Created attachment 143529 [details] patch_bisect.log
Created attachment 143530 [details] reproducer
iowait is an indication of userspace badness, that userspace is sleeping for the gpu. That it goes down is quite possibly a regression... But the only numbers that matter here is GPU throughput; did the rare of decoding jobs increase or decrease (jobs per second)? Did the energy consumption change?

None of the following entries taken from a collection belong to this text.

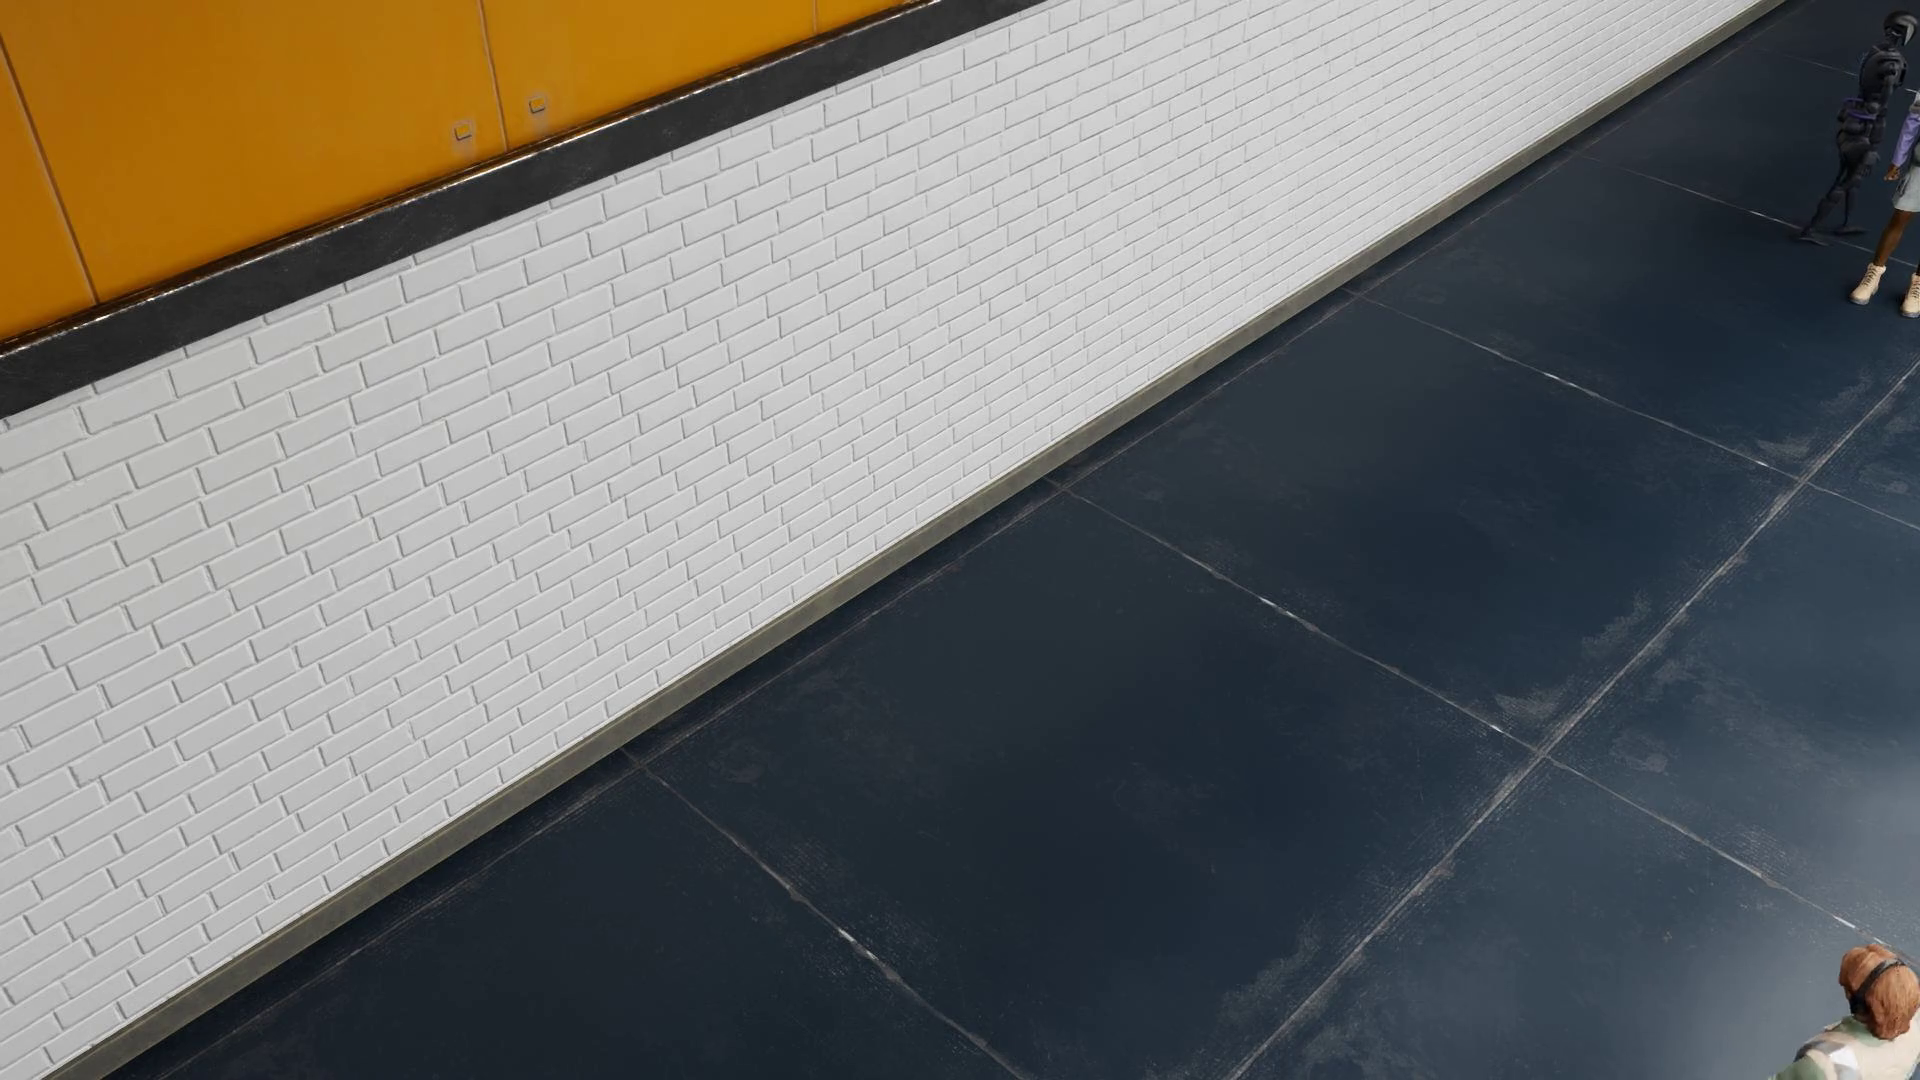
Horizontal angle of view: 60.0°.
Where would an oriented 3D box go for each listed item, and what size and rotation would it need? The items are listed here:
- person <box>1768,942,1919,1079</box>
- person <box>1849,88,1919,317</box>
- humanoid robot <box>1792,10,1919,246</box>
[{"bbox_3d":[2.746,1.880,5.500,0.511,1.596,0.836,-20,43,-24],"label":"person"},{"bbox_3d":[6.187,-2.356,10.447,0.613,2.040,0.390,22,44,25],"label":"person"},{"bbox_3d":[6.166,-2.751,11.236,0.581,1.639,0.608,8,39,10],"label":"humanoid robot"}]

Created attachment 143532 [details] increase_jobs
Created attachment 143533 [details] decrease_jobs
(In reply to Chris Wilson from comment #3) > iowait is an indication of userspace badness, that userspace is sleeping for > the gpu. That it goes down is quite possibly a regression... But the only > numbers that matter here is GPU throughput; did the rare of decoding jobs > increase or decrease (jobs per second)? Did the energy consumption change? i try the increase and decrease the jobs, the iowait will increase and decrease correspondingly. thanks very much.
Is there a difference in actual decoding performance?

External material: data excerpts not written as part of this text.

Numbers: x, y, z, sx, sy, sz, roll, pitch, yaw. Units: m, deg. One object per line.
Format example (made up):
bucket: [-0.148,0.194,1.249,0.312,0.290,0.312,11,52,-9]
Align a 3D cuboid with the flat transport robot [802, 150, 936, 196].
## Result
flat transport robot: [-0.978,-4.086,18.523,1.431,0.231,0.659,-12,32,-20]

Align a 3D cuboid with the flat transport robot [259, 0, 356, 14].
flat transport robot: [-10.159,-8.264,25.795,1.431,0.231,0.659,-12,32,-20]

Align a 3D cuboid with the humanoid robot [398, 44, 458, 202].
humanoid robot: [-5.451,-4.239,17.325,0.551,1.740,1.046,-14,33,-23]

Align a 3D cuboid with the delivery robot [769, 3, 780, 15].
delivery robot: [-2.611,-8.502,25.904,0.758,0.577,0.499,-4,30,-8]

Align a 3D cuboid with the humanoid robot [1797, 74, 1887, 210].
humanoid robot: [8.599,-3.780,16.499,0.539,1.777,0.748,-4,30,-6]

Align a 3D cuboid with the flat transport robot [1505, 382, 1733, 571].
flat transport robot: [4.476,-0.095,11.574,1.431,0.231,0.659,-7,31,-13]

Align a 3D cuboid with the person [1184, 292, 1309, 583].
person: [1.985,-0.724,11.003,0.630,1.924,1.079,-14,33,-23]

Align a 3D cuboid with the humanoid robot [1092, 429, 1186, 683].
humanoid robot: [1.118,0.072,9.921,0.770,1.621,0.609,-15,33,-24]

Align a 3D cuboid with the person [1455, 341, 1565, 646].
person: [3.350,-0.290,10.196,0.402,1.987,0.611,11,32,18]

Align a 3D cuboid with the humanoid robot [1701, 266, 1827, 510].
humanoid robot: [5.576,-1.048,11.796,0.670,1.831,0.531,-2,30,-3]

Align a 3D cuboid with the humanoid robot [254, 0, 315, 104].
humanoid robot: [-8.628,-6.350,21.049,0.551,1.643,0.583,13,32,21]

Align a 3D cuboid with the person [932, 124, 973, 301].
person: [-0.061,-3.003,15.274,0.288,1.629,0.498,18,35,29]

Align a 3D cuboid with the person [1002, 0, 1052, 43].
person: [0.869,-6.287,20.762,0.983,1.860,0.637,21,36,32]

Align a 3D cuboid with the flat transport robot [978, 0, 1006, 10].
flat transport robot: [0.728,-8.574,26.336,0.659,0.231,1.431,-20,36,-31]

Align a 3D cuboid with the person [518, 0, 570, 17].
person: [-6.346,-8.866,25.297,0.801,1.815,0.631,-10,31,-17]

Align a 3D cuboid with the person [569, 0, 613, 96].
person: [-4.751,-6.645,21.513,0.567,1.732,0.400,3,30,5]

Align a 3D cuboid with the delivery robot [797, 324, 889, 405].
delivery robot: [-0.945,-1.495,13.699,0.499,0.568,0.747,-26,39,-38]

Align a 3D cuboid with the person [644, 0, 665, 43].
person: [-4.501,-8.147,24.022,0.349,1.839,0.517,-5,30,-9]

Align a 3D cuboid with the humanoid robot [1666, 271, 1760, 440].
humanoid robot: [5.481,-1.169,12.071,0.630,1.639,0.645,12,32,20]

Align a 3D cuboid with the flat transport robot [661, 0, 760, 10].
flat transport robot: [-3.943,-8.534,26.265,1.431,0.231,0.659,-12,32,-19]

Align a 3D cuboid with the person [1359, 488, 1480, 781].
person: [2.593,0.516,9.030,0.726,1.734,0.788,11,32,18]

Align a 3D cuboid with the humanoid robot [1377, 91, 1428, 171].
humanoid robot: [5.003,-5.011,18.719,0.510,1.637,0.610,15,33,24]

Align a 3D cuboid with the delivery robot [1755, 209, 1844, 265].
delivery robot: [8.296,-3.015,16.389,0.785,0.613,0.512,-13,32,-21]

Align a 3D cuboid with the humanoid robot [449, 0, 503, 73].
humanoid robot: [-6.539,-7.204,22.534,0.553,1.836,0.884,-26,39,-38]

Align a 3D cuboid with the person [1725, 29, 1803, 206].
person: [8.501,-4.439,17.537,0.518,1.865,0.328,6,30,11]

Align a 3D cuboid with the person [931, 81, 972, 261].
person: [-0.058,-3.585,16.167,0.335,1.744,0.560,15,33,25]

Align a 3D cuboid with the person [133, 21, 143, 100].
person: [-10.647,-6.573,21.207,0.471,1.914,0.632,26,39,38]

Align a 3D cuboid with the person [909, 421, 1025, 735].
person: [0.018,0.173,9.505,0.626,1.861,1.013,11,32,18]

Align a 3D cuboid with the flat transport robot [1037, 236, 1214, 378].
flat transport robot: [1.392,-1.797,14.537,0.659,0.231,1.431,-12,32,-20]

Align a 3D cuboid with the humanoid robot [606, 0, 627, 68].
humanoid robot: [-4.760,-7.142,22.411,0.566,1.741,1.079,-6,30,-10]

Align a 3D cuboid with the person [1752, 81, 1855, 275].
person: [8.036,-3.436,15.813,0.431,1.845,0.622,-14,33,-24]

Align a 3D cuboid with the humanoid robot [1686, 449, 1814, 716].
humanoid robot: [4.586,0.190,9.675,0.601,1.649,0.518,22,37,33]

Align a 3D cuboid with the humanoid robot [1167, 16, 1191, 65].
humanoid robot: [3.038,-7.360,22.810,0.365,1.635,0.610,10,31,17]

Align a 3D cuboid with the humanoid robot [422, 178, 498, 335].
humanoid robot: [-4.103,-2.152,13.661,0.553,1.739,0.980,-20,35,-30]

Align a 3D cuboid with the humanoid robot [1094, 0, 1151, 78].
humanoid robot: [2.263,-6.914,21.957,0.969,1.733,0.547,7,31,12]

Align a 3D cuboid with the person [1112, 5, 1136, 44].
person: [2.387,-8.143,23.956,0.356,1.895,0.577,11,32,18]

(In reply to Tvrtko Ursulin from comment #7) > Is there a difference in actual decoding performance? from our tests, there haven't obvious performance drop.

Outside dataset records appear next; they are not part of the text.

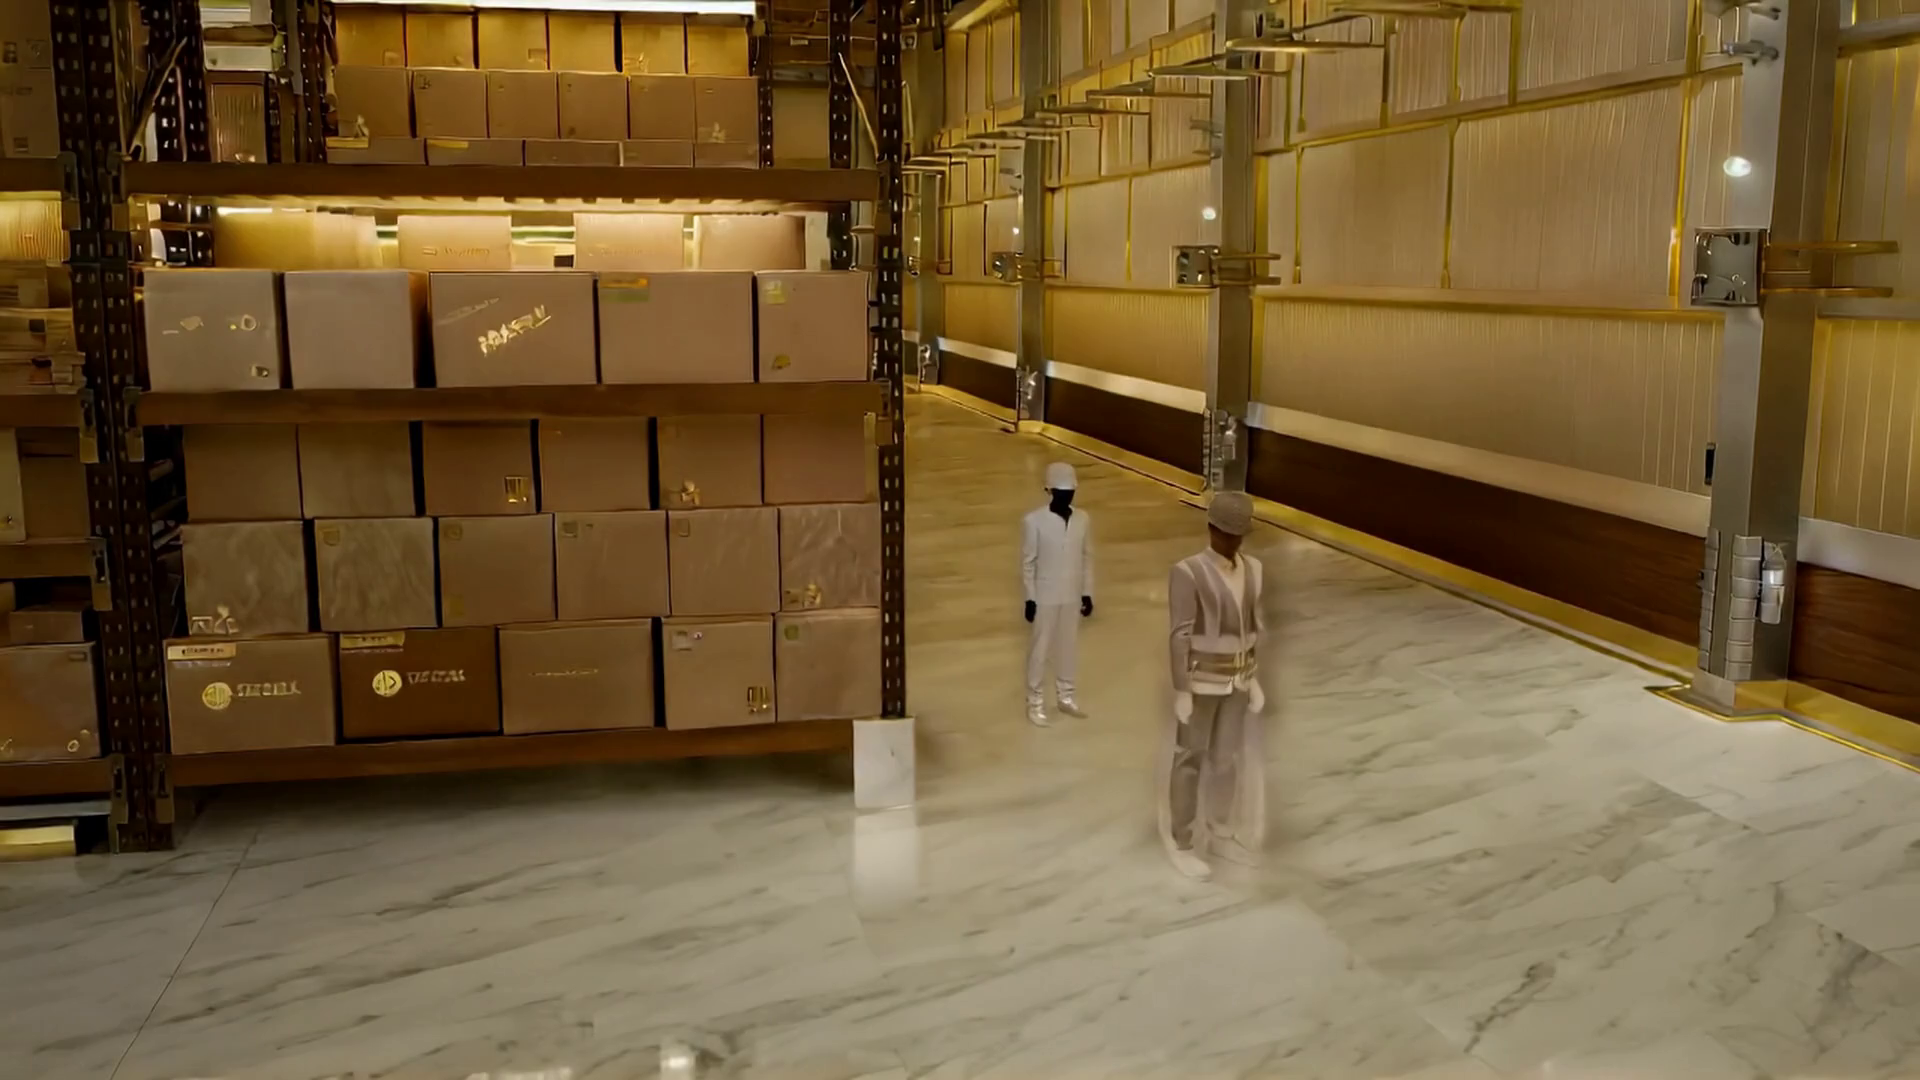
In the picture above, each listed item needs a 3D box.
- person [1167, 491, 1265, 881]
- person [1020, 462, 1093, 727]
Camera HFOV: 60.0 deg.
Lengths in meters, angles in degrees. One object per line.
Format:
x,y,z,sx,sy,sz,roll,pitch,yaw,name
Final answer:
1.290,0.711,8.328,0.602,1.940,0.402,-7,12,-36,person
0.659,0.351,11.085,0.560,1.752,0.326,-6,11,-34,person

Why is the change in reported iowait a concern then? We could replace io_schedule_timeout with schedule_timeout and make it even lower, but we chose to use io waits to reflect that a process is waiting on a device.
(In reply to Tvrtko Ursulin from comment #9) > Why is the change in reported iowait a concern then? We could replace > io_schedule_timeout with schedule_timeout and make it even lower, but we > chose to use io waits to reflect that a process is waiting on a device. the CPU usage(including iowait) is customer's criteria. and i try to change the io_schedule_timeout to schedule_timeout, the cpu iowait value have the same high value, Any other suggestions? thanks very much in advance. and our customer is pending on this issue fix, Is it possible to set to the high priority? thanks very much.
I downloaded the reproducer and tried running it but I get: root@sc:~/bug109830/reproduce# ./decode_video_avc.sh [ERROR], sts=MFX_ERR_UNSUPPORTED(-3), Init, m_mfxSession.Init failed at /home/media/jenkins/workspace/MEDIA/DCG_MEDIA_DRIVER/PV5_BUILD_VPG_BASE/build_mss_pv5_external/build/WS/GENERIC/build_external/msdk/MediaSDK/samples/sample_decode/src/pipeline_decode.cpp:296 [ERROR], sts=MFX_ERR_UNSUPPORTED(-3), main, Pipeline.Init failed at /home/media/jenkins/workspace/MEDIA/DCG_MEDIA_DRIVER/PV5_BUILD_VPG_BASE/build_mss_pv5_external/build/WS/GENERIC/build_external/msdk/MediaSDK/samples/sample_decode/src/sample_decode.cpp:666 [ERROR], sts=MFX_ERR_UNSUPPORTED(-3), Init, m_mfxSession.Init failed at /home/media/jenkins/workspace/MEDIA/DCG_MEDIA_DRIVER/PV5_BUILD_VPG_BASE/build_mss_pv5_external/build/WS/GENERIC/build_external/msdk/MediaSDK/samples/sample_decode/src/pipeline_decode.cpp:296 ... and so on ...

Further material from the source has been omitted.